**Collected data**
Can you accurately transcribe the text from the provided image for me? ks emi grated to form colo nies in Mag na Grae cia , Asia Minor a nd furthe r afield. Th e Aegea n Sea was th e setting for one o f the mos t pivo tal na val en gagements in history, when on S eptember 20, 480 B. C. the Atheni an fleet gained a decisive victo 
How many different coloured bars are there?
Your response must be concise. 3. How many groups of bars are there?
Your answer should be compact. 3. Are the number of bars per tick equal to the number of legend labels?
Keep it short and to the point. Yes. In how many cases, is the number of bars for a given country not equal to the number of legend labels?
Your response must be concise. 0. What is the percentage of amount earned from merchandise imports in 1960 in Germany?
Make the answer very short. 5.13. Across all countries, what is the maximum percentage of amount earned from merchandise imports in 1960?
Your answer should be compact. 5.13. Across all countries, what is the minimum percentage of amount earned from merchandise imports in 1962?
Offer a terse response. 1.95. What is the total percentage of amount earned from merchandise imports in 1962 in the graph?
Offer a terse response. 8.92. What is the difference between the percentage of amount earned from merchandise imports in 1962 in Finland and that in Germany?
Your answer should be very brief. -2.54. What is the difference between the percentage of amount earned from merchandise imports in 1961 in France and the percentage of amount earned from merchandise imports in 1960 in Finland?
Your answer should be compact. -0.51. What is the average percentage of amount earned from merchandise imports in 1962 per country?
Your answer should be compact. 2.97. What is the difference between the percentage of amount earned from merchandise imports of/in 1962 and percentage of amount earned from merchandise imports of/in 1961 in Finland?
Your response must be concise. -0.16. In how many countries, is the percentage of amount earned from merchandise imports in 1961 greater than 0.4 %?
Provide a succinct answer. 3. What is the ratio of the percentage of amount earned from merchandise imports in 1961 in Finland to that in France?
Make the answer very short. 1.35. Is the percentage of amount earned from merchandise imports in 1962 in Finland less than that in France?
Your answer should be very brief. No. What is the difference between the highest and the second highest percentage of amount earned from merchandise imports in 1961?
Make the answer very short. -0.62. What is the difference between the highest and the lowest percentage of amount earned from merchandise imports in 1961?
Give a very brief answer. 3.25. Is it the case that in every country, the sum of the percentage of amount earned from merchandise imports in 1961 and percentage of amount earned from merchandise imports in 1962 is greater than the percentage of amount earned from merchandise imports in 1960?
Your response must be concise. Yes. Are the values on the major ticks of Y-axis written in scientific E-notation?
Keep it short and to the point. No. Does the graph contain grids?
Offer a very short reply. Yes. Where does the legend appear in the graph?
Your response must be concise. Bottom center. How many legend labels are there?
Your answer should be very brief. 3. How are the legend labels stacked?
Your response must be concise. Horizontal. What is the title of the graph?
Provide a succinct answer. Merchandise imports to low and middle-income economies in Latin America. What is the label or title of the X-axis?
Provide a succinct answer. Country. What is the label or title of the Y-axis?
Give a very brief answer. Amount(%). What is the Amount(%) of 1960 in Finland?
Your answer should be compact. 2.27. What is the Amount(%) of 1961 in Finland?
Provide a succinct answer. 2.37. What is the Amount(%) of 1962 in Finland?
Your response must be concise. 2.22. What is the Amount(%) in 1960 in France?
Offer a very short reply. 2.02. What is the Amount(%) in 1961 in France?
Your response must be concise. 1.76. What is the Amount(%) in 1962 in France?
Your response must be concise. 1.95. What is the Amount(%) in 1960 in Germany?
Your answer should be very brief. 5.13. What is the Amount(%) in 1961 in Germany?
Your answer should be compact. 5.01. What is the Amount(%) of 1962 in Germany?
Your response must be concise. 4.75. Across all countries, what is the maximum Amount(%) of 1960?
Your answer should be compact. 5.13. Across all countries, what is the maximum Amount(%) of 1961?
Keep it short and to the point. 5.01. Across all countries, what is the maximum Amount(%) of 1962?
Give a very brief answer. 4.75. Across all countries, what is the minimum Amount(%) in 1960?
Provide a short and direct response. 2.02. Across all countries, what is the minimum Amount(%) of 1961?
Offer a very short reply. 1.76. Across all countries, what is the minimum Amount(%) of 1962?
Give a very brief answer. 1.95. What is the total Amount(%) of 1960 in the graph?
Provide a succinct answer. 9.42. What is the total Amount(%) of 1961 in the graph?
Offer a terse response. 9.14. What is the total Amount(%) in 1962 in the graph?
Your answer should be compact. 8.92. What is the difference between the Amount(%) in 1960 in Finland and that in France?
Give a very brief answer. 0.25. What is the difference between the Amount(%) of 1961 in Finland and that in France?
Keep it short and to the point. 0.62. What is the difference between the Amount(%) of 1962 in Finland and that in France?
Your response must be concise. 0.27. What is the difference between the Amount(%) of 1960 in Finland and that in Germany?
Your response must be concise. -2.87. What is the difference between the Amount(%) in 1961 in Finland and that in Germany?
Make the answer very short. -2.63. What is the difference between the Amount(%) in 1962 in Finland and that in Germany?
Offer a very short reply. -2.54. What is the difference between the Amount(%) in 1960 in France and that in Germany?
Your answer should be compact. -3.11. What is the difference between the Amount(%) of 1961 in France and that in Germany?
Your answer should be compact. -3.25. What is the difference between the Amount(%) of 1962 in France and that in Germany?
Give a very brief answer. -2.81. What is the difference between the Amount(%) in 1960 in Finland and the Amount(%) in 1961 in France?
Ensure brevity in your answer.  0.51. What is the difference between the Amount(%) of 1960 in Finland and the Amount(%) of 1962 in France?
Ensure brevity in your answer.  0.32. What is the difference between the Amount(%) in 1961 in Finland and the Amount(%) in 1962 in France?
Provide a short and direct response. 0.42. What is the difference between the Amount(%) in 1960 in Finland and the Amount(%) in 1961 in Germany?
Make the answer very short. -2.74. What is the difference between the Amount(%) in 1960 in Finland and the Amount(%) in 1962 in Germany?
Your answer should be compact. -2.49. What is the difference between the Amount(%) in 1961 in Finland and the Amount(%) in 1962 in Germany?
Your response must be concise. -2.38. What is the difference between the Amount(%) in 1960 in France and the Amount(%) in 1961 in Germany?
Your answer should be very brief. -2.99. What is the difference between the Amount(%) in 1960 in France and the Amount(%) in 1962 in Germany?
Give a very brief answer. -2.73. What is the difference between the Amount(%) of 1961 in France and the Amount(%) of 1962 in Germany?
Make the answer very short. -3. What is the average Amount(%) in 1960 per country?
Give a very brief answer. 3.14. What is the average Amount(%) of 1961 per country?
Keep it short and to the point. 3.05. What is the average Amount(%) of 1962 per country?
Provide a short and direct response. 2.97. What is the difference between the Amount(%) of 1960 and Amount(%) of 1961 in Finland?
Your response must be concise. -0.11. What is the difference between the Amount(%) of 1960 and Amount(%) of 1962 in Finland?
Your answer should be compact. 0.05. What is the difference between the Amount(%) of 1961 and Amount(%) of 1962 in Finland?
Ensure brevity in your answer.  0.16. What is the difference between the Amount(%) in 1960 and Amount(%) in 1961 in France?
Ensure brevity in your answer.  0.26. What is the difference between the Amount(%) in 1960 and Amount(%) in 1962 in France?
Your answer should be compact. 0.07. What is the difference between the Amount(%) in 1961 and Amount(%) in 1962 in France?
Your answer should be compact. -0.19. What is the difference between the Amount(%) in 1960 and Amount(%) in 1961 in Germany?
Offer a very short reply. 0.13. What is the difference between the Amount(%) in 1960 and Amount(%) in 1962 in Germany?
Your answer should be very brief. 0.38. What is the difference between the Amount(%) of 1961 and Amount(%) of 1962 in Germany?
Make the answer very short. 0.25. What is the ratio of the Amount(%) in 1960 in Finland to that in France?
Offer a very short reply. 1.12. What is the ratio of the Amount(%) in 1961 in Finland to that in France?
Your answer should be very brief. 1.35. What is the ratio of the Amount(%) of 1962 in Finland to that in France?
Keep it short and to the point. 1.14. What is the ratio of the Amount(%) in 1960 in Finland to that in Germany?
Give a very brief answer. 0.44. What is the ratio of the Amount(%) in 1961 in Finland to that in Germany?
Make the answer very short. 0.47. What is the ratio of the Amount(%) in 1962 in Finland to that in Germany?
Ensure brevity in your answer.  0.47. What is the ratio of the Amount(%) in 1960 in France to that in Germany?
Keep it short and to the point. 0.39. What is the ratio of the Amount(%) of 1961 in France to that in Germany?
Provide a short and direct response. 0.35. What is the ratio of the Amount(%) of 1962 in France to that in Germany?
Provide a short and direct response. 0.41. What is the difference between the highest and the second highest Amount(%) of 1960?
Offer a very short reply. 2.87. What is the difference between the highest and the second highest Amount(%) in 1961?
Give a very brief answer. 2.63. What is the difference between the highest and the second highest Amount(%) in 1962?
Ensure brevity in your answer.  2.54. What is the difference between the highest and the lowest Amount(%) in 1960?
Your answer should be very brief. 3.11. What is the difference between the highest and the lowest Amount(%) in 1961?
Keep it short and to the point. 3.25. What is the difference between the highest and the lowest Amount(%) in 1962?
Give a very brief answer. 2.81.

**AIM OF THE TASK**
For this exercise, output exactly the lines above from the line with "Make the answer very short. -2.63." to the line with "Offer a very short reply. -2.54.", counting both, and leave out the rest.

**TASK SOLUTION**
Make the answer very short. -2.63. What is the difference between the Amount(%) in 1962 in Finland and that in Germany?
Offer a very short reply. -2.54. What is the difference between the Amount(%) in 1960 in France and that in Germany?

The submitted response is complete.